Saturday, April 19, 2008

Green Renovation, Repair and Remodeling: 3 More "R's"

One thing that you can count on is change. What really defines modernity is that change is constant and unpredictable. Change drives the economy of all durable goods. If something works and is desirable forever then there won't be many of it that need to be made. In American homes, that is why we renovate, repair, and remodel. It is also why we build new homes when there are many old homes for sale, but green renovation, repair, and remodeling, are what it is of consequence to this blog about how you should spend your money, and they are what interest me.

during the next week or so, I will detail some of the ways that you can do the 3 more green "r's" throughout your home. Because Flip That House always focuses on how you should do redo the kitchen to improve the saleability of a home I will start there.
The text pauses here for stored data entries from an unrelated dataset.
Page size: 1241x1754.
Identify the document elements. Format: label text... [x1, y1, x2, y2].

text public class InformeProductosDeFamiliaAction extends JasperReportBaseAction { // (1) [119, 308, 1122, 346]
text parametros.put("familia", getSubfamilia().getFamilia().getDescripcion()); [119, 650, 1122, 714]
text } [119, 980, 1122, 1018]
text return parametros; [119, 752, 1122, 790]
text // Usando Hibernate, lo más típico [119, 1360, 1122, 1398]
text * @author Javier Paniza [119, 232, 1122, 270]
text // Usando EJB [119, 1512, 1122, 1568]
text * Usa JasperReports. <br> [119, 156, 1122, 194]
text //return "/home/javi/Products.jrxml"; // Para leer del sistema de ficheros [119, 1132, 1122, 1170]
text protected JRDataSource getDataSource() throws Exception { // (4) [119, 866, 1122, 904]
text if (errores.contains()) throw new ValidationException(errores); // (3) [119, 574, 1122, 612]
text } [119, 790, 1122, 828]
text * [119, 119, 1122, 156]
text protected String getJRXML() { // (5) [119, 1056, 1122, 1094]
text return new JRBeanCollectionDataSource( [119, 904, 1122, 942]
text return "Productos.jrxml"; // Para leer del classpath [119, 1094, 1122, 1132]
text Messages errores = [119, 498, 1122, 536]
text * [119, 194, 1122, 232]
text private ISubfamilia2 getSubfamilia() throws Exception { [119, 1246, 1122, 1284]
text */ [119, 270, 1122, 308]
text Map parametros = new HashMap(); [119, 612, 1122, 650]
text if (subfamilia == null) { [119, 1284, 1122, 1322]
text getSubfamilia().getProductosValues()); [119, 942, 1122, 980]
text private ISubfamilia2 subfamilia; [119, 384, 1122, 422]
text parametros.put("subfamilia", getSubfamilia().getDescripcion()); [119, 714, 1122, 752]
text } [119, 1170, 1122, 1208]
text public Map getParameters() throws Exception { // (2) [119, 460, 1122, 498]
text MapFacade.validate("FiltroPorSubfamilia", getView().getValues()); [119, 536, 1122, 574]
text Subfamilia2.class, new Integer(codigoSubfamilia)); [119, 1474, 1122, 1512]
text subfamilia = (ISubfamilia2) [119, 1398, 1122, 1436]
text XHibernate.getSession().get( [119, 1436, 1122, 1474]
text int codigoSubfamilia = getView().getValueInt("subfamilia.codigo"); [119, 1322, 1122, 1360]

Source: Creative Commons Image on Flickr by betsyjean79

On TV they are always talking about updating cabinets, and often pulling out quality custom cabinetry and replacing it with particleboard or plywood trash. Seriously. All they are doing is bringing VOCs and solvents into the home where there were none before. If your kitchen cabinets are more than fifty years old, I recommend that you keep them. You can paint or replace the doors, and if they are really in bad shape you can replace them, but remember that you are decreasing indoor air quality if you buy cheap cabinets.

Granite countertops are all the rage right now. They're pretty, but you can also get countertops that look like stone and are made from recycled materials instead of open quarries. There are ones made from recycled glass like EnviroSlab and Trinity Glass and even paper from Squak Mountain Stone which I mentioned a few weeks ago.

One place that it almost always make sense to invest is in more efficient appliances. The Energy Star label is a good place to get started. It's a designation created by the Environmental Protection Agency and the Department of Energy to show products that have met certain efficiency standards. keeps up-to-date lists of the appliances that have received the Energy Star rating, as well as their actual energy consumption. Some Energy Star labeled products are much more efficient than others, so it is a good idea to read the numbers on the models you are considering. If you want to know more about how more efficient appliances can save you money as well as helping the environment, I recommend the book The Home Energy Diet by Paul Scheckel.